• Aim of the task: Transcribe all of the listing below in full.

===== Data to use =====

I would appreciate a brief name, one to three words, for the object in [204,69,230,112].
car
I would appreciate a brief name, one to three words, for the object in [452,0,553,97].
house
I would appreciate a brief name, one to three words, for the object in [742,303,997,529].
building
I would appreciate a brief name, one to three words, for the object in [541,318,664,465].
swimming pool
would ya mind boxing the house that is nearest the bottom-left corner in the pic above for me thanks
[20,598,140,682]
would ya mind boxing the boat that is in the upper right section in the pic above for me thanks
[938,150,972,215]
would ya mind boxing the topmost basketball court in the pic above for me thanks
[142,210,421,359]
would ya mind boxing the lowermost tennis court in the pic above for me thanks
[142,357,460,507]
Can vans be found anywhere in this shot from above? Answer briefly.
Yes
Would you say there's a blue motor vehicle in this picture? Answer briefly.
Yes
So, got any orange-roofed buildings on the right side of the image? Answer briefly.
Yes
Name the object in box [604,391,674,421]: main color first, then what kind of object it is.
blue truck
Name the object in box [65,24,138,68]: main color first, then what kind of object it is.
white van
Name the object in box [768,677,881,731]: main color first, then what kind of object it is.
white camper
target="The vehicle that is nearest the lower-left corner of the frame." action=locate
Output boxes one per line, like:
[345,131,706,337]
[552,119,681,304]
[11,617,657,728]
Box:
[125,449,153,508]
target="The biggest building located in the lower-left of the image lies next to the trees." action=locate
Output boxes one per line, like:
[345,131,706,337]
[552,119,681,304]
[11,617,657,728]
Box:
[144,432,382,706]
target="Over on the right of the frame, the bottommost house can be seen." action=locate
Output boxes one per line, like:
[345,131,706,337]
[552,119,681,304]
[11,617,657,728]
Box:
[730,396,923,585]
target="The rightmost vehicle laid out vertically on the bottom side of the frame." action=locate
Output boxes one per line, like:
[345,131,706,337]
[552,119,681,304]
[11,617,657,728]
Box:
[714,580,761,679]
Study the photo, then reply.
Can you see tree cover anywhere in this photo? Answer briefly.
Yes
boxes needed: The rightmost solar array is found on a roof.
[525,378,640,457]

=====

• Answer section:
I would appreciate a brief name, one to three words, for the object in [204,69,230,112].
car
I would appreciate a brief name, one to three words, for the object in [452,0,553,97].
house
I would appreciate a brief name, one to three words, for the object in [742,303,997,529].
building
I would appreciate a brief name, one to three words, for the object in [541,318,664,465].
swimming pool
would ya mind boxing the house that is nearest the bottom-left corner in the pic above for me thanks
[20,598,140,682]
would ya mind boxing the boat that is in the upper right section in the pic above for me thanks
[938,150,972,215]
would ya mind boxing the topmost basketball court in the pic above for me thanks
[142,210,421,359]
would ya mind boxing the lowermost tennis court in the pic above for me thanks
[142,357,460,507]
Can vans be found anywhere in this shot from above? Answer briefly.
Yes
Would you say there's a blue motor vehicle in this picture? Answer briefly.
Yes
So, got any orange-roofed buildings on the right side of the image? Answer briefly.
Yes
Name the object in box [604,391,674,421]: main color first, then what kind of object it is.
blue truck
Name the object in box [65,24,138,68]: main color first, then what kind of object it is.
white van
Name the object in box [768,677,881,731]: main color first, then what kind of object it is.
white camper
target="The vehicle that is nearest the lower-left corner of the frame." action=locate
Output boxes one per line, like:
[345,131,706,337]
[552,119,681,304]
[11,617,657,728]
Box:
[125,449,153,508]
target="The biggest building located in the lower-left of the image lies next to the trees." action=locate
Output boxes one per line, like:
[345,131,706,337]
[552,119,681,304]
[11,617,657,728]
Box:
[144,432,382,706]
target="Over on the right of the frame, the bottommost house can be seen." action=locate
Output boxes one per line, like:
[345,131,706,337]
[552,119,681,304]
[11,617,657,728]
Box:
[730,396,923,585]
target="The rightmost vehicle laid out vertically on the bottom side of the frame." action=locate
Output boxes one per line, like:
[345,131,706,337]
[552,119,681,304]
[11,617,657,728]
Box:
[714,580,761,679]
Study the photo, then reply.
Can you see tree cover anywhere in this photo? Answer briefly.
Yes
boxes needed: The rightmost solar array is found on a roof.
[525,378,640,457]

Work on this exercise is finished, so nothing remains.